Na palestra, Haddad fez um relato dos conflitos que antecederam a posse do atual governo, que, para o ministro, não se deu em um processo normal. “Estávamos diante de riscos institucionais que tinham de ser considerados não só pelo presidente da República, mas por todos os ministros”, disse. “E o Ministério da Fazenda era uma peça-chave na transição para que o Brasil não corresse o risco de descarrilar.”
Grupos antagônicos
Ele observou que, em relação às questões econômicas, lidava com dois grupos antagônicos. “Nos encontrávamos naquele momento num dilema. Entre as forças políticas, havia um grupo de pessoas que entendia que não deveríamos levar em consideração, pela situação social que estávamos enfrentando, o equilíbrio das contas públicas”, disse.
Em contrapartida, “algumas pessoas, que também têm legitimidade, diziam que havia riscos concretos” naquele momento de um desarranjo econômico. “Nós não estávamos vivendo uma situação de normalidade nas finanças públicas”, afirmou.
Tensão
“Como se lida com essa tensão?”, perguntou o ministro. “Lembrando que um erro naquele momento poderia ter repercussões sociais e políticas muito consideráveis. Nós não estávamos em um processo normal de transição. Não era o Fernando Henrique passando o bastão para o Lula. Era uma equação difícil de resolver do ponto de vista político, econômico e social.”
Haddad disse que foi a seguinte a solução encontrada para o impasse: “Procuramos atender os dois lados, contrariando os dois lados”.
Ajuste sem recessão
Nesse contexto, veio foi formulada a PEC da Transição, segundo Haddad, “colocando uma série de despesas que o governo anterior não havia contemplado no orçamento”. “A estimativa era de que faltaria R$ 150 bilhões para fechar a conta”, afirmou. “Isso pagando as despesas que haviam sido contratadas até então.

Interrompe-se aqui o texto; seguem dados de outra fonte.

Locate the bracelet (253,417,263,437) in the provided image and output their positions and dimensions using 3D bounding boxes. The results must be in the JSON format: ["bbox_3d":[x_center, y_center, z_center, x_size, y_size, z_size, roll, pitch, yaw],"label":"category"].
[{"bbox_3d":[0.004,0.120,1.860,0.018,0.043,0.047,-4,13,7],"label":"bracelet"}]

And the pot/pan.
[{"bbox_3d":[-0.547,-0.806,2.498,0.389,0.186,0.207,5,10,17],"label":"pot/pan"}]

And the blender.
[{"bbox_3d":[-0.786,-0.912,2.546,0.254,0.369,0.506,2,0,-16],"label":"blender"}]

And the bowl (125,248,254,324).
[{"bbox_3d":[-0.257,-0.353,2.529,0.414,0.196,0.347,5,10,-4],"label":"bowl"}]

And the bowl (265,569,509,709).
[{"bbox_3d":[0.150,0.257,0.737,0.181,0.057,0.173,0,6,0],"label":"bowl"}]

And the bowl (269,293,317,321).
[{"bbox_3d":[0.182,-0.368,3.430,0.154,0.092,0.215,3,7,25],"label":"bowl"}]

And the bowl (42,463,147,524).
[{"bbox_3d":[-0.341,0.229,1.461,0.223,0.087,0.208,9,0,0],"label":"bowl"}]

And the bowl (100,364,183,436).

Veio depois a desconstitucionalização do teto dos gastos.”
Para Haddad, o objetivo era realizar um “ajuste fiscal não recessivo”. “Algo que não comprometesse o crescimento”, disse. “Era isso que o mercado não esperava.”
Confronto maior
O resultado, acrescentou o ministro da Fazenda, foi que o mercado previa um crescimento de 0,8% no ano passado e o país cresceu 2,9%. “Neste ano, o mercado previa 1,5%, mas o Brasil vai crescer 3,2%. Num trimestre (o segundo de 2024), o Brasil cresceu 1,4%. Ou seja, o que o mercado previa para o ano inteiro.”
Haddad acrescentou que a “economia muitas vezes não é a escolha do governo eleito”. “Às vezes, o confronto é muito maior do que isso”, afirmou.